Position Players Pitching: Maybe It Doesn’t Have To Mean Anything

“It’s just a bunch of stuff that happened.” -Homer Simpson

Always go to Homer for the last word on anything. Wait, not that Homer? Well, whatever. At the tine of writing, Cubs fans have seen an unprecedented run of position player pitching. There were three against the Cardinals last Friday, and then two more on Monday when Victor Caratini returned for a repeat performance, and then Anthony Rizzo basically long-conned his way onto the mound for an out.

There’s been a rash of articles of late trying to figure out the rise in position players pitching, and if there’s anything can be gleaned from it. Of course, there have been some that have wondered if this speaks to the relative health of the game, which seems useless but hey, there’s space that’s got to be filled. The problem with a lot of things in sports is that large components of them don’t mean anything, and yet we still have to search for the meaning that isn’t there.

Or to put it a touch more positively, we can Occam’s razor this. Relief pitchers are being used more than ever, especially on the Cubs this year. Hence, there are more instances where everyone has been used in the past two games, and it doesn’t do any good to put a pitcher you might really need at risk in a game where your skull is already dented anyway. Even with eight-man pens and a reserve of four or five arms at Triple-A ready to ride the shuttle, throw 45 pitches in a week and then head back while subbing out for whoever is coming the other way, there’s just too much use. When a manager knows he needs three or four relievers to get most every win (the spot Maddon finds himself in these days too much), there isn’t a lot of times he can be comfortable for two or three straight days. You can use four guys one day and then the other four the next day, hopefully, but even that pattern would eventually see people burned out. And it’s rarely one you can stick to.
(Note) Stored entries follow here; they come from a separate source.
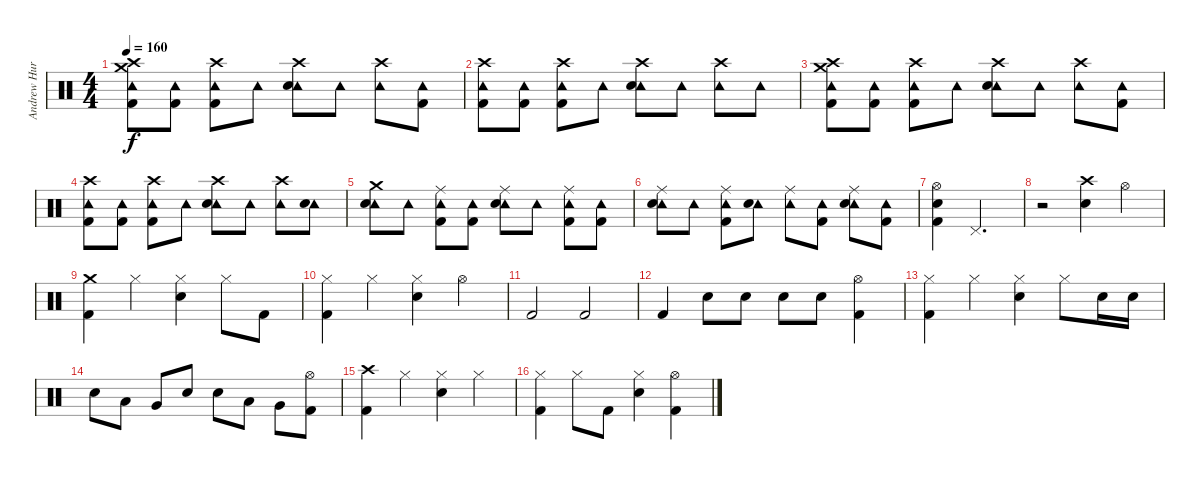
\track ("Andrew Hurley (Drums)" "Andrew Hur") {instrument percussion}
\staff {score}
\articulation defaults
\ts (4 4)
\tempo 160
\clef neutral
\ks c
("Crash high (hit)" "Crash medium (hit)" "Tambourine (hit)" "Kick (hit) 2").8{dy f} ("Tambourine (hit)" "Kick (hit) 2").8 ("Crash high (hit)" "Tambourine (hit)" "Kick (hit) 2").8 "Tambourine (hit)".8 ("Crash high (hit)" "Tambourine (hit)" "Snare (hit) 2").8 "Tambourine (hit)".8 ("Crash high (hit)" "Tambourine (hit)").8 ("Tambourine (hit)" "Kick (hit) 2").8 |
("Crash high (hit)" "Tambourine (hit)" "Kick (hit) 2").8 ("Tambourine (hit)" "Kick (hit) 2").8 ("Crash high (hit)" "Tambourine (hit)" "Kick (hit) 2").8 "Tambourine (hit)".8 ("Crash high (hit)" "Tambourine (hit)" "Snare (hit) 2").8 "Tambourine (hit)".8 ("Crash high (hit)" "Tambourine (hit)").8 "Tambourine (hit)".8 |
("Crash high (hit)" "Crash medium (hit)" "Tambourine (hit)" "Kick (hit) 2").8 ("Tambourine (hit)" "Kick (hit) 2").8 ("Crash high (hit)" "Tambourine (hit)" "Kick (hit) 2").8 "Tambourine (hit)".8 ("Crash high (hit)" "Tambourine (hit)" "Snare (hit) 2").8 "Tambourine (hit)".8 ("Crash high (hit)" "Tambourine (hit)").8 ("Tambourine (hit)" "Kick (hit) 2").8 |
("Crash high (hit)" "Tambourine (hit)" "Kick (hit) 2").8 ("Tambourine (hit)" "Kick (hit) 2").8 ("Crash high (hit)" "Tambourine (hit)" "Kick (hit) 2").8 "Tambourine (hit)".8 ("Crash high (hit)" "Tambourine (hit)" "Snare (hit) 2").8 "Tambourine (hit)".8 ("Crash high (hit)" "Tambourine (hit)").8 ("Tambourine (hit)" "Snare (hit) 2").8 |
("Crash medium (hit)" "Tambourine (hit)" "Snare (hit) 2").8 "Tambourine (hit)".8 ("Ride (middle)" "Tambourine (hit)" "Kick (hit) 2").8 ("Tambourine (hit)" "Kick (hit) 2").8 ("Ride (middle)" "Tambourine (hit)" "Snare (hit) 2").8 "Tambourine (hit)".8 ("Ride (middle)" "Tambourine (hit)" "Kick (hit) 2").8 ("Tambourine (hit)" "Kick (hit) 2").8 |
("Ride (middle)" "Tambourine (hit)" "Snare (hit) 2").8 "Tambourine (hit)".8 ("Ride (middle)" "Tambourine (hit)" "Kick (hit) 2").8 ("Tambourine (hit)" "Snare (hit) 2").8 ("Ride (middle)" "Tambourine (hit)").8 ("Tambourine (hit)" "Kick (hit) 2").8 ("Ride (middle)" "Tambourine (hit)" "Snare (hit) 2").8 ("Tambourine (hit)" "Kick (hit) 2").8 |
("Hi-Hat (open)" "Snare (hit) 2" "Kick (hit) 2").4 "Pedal Hi-Hat (hit)".2{d} |
r.2 ("Crash high (hit)" "Snare (hit) 2").4 "Hi-Hat (open)".4 |
("Crash medium (hit)" "Kick (hit) 2").4 "Hi-Hat (closed)".4 ("Hi-Hat (closed)" "Snare (hit) 2").4 "Hi-Hat (closed)".8 "Kick (hit) 2".8 |
("Hi-Hat (closed)" "Kick (hit) 2").4 "Hi-Hat (closed)".4 ("Hi-Hat (closed)" "Snare (hit) 2").4 "Hi-Hat (open)".4 |
"Kick (hit) 2".2 "Kick (hit) 2".2 |
"Kick (hit) 2".4 "Snare (hit) 2".8 "Snare (hit) 2".8 "Snare (hit) 2".8 "Snare (hit) 2".8 ("Hi-Hat (open)" "Kick (hit) 2").4 |
("Hi-Hat (closed)" "Kick (hit) 2").4 "Hi-Hat (closed)".4 ("Hi-Hat (closed)" "Snare (hit) 2").4 "Hi-Hat (closed)".8 "Snare (hit) 2".16 "Snare (hit) 2".16 |
"Snare (hit) 2".8 "Low Tom (hit)".8 "Very Low Tom (hit)".8 "Snare (hit) 2".8 "Snare (hit) 2".8 "Low Tom (hit)".8 "Very Low Tom (hit)".8 ("Hi-Hat (open)" "Kick (hit) 2").8 |
("Crash high (hit)" "Kick (hit) 2").4 "Hi-Hat (closed)".4 ("Hi-Hat (closed)" "Snare (hit) 2").4 "Hi-Hat (closed)".4 |
("Hi-Hat (closed)" "Kick (hit) 2").4 "Hi-Hat (closed)".8 "Kick (hit) 2".8 ("Hi-Hat (closed)" "Snare (hit) 2").4 ("Hi-Hat (open)" "Kick (hit) 2").4

Of course, there’s now a fight between those who love seeing a position player post up 11 inches higher than everyone else, and those who think it makes the game a farce or signals something wrong within the structure. Again, I don’t think the answer is anywhere but the middle. Surely, the novelty of it, if only just locally, has worn off. We’ve seen plenty of position players pitch now, and it’s not something that feels like a lightning strike anymore. It happens a few times a season, and much like a homer that hits the video board, it’s a lower spike on the EKG of a season than it used to be. It still sticks out, though.

I think the joy comes from the joy the players get who either do it or watch it. Most every time a position player pitches, someone is laughing. Sometimes it’s him, sometimes it’s his teammates at him, and sometimes it’s the hitters. And most every fan is a sucker for seeing a player enjoy his work so thoroughly. Why do you think Javy Báez is so popular? You couldn’t watch Rizzo and the reaction to him finally toeing the slab and not laugh a little.

Just because something is no longer novel doesn’t mean it’s now an annoyance. And while some say it’s something of a mockery, I always look at it as a humorous white flag. “We’re getting beaten so badly today we’re just gonna do shit because.” That doesn’t really happen in other sports. Basketball you might see the 12th guy on the bench get in the game, but that’s not really humorous; it’s just a chance to save minutes. That also would be mocking someone status on the team and in the league, I suppose, if we saw it that way, though that didn’t stop a lot from cheering any appearance from Brian Scalabrine back in the day. Football or hockey would too easily result in someone getting hurt.

It’s what you’d do on the playground. Try and swing from the heels or belt one in from 25 yards on the full volley because what’s to lose? It’s good for a laugh even if it isn’t new anymore.